▶ _Dataset records_:
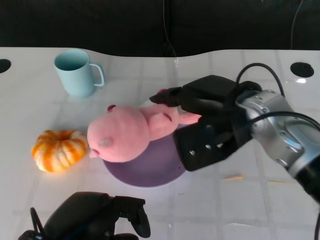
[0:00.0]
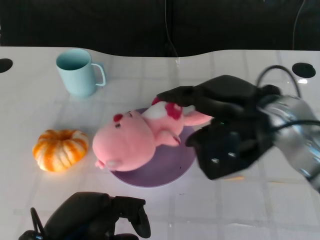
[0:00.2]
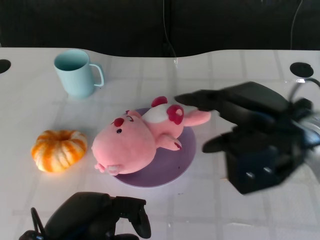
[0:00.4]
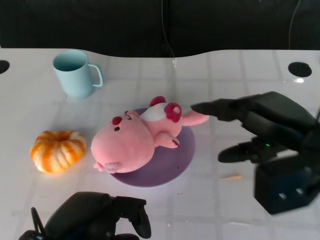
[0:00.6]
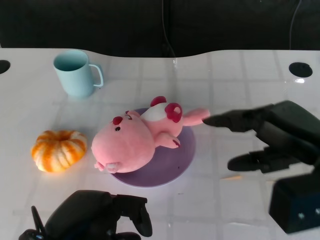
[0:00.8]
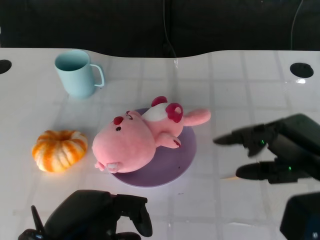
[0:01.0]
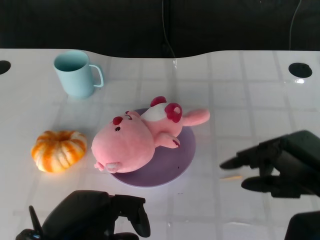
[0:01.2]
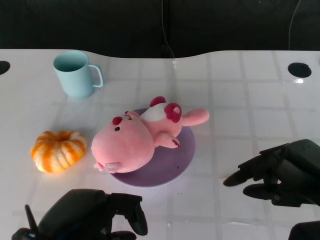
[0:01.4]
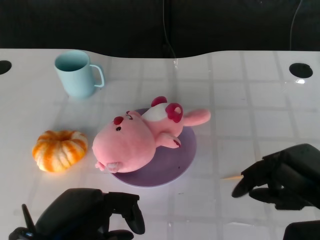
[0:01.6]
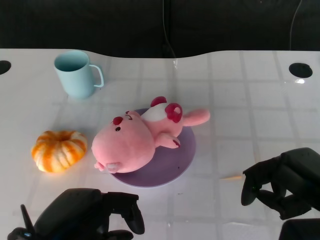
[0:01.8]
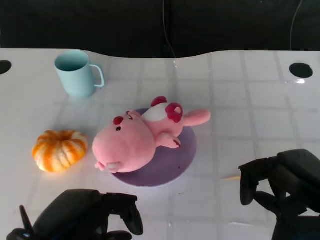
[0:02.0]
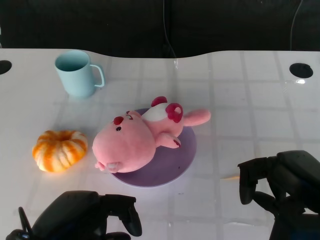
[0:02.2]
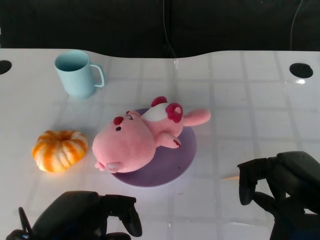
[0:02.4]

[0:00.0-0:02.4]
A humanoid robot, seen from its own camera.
Task of the whole recording: Pick up the doll on the other side of the plate and place it into the plate.
0:00.0 to 0:01.2: The right hand travels to the right and backward by roughly 15 cm.
0:01.2 to 0:02.4: The hands make only small movements.

▶ _Task details_:
If a record holds a picture, leave the picture out and copy the rest exactly.

▶ _Solution to this problem_:
[0:00.0]
[0:00.2]
[0:00.4]
[0:00.6]
[0:00.8]
[0:01.0]
[0:01.2]
[0:01.4]
[0:01.6]
[0:01.8]
[0:02.0]
[0:02.2]
[0:02.4]

[0:00.0-0:02.4]
A humanoid robot, seen from its own camera.
Task of the whole recording: Pick up the doll on the other side of the plate and place it into the plate.
0:00.0 to 0:01.2: The right hand travels to the right and backward by roughly 15 cm.
0:01.2 to 0:02.4: The hands make only small movements.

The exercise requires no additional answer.